=== Section Start ===
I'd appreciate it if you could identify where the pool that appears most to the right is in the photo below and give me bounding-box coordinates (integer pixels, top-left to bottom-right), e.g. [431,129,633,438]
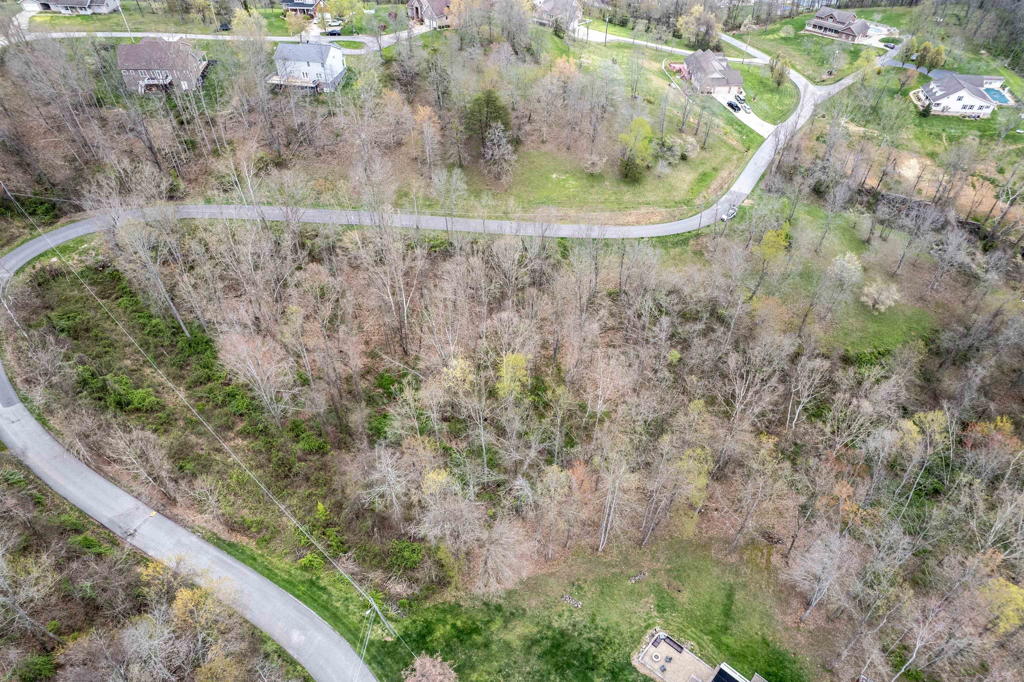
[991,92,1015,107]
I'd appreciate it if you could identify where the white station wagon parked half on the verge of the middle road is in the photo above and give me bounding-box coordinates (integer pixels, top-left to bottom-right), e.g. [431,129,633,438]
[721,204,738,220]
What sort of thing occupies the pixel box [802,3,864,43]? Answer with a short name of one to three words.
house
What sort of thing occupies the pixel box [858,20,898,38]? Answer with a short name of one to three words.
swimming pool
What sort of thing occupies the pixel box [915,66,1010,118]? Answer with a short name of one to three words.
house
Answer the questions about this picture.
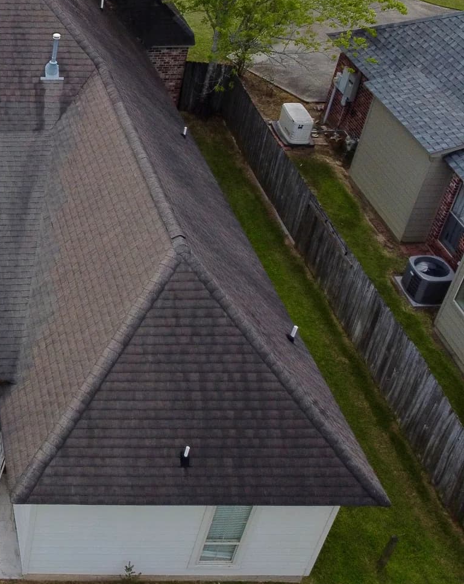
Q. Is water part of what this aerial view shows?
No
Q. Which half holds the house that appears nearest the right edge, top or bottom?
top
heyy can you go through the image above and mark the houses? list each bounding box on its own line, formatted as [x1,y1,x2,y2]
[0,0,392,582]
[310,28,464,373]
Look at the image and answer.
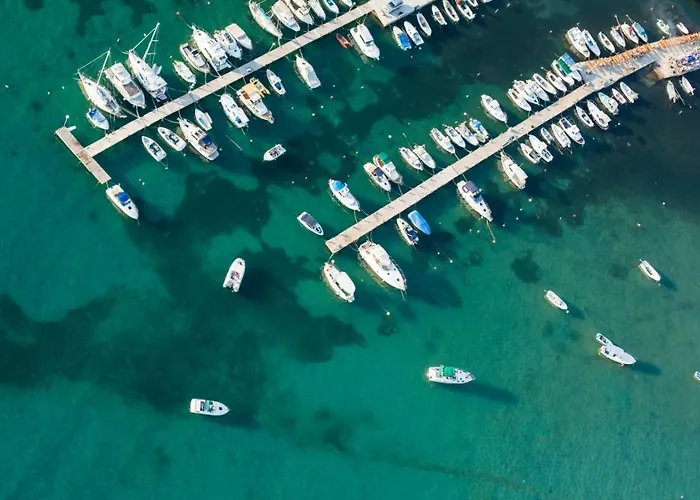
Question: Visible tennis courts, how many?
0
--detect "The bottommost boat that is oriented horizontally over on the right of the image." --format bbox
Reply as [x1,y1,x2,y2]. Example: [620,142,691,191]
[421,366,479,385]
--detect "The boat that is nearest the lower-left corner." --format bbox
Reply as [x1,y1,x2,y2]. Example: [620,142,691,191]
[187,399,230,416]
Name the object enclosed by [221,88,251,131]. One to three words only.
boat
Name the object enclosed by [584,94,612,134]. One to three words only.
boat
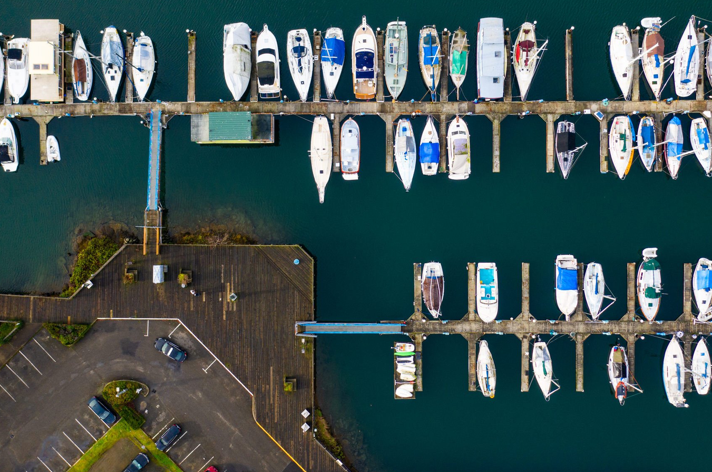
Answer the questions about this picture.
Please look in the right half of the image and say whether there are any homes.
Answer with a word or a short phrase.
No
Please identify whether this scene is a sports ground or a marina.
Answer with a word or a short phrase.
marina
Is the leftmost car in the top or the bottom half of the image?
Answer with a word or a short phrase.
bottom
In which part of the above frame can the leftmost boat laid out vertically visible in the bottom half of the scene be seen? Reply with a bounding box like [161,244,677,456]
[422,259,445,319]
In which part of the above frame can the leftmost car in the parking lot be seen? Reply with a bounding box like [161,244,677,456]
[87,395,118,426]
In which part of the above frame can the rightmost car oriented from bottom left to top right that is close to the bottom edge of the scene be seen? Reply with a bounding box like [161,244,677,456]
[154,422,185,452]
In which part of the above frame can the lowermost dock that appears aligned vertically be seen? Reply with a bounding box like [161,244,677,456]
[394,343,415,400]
=== Section End ===
> [TASK REQUIREMENTS] Only one part of the listing is wanted: the lines from the one containing "Look at the image and answer." through the one containing "Please identify whether", both included. Please transcribe it exactly, leaving out the pictures.

> [PROBLEM SOLUTION]
Look at the image and answer.
Question: Visible tennis courts, how many?
0
--detect "The bottommost boat that is oriented horizontally over on the right of the image." --format bbox
Reply as [x1,y1,x2,y2]. Example: [620,142,691,191]
[421,366,479,385]
--detect "The boat that is nearest the lower-left corner." --format bbox
Reply as [x1,y1,x2,y2]. Example: [620,142,691,191]
[187,399,230,416]
Name the object enclosed by [221,88,251,131]. One to three words only.
boat
Name the object enclosed by [584,94,612,134]. One to three words only.
boat
Answer the questions about this picture.
Please look in the right half of the image and say whether there are any homes.
Answer with a word or a short phrase.
No
Please identify whether this scene is a sports ground or a marina.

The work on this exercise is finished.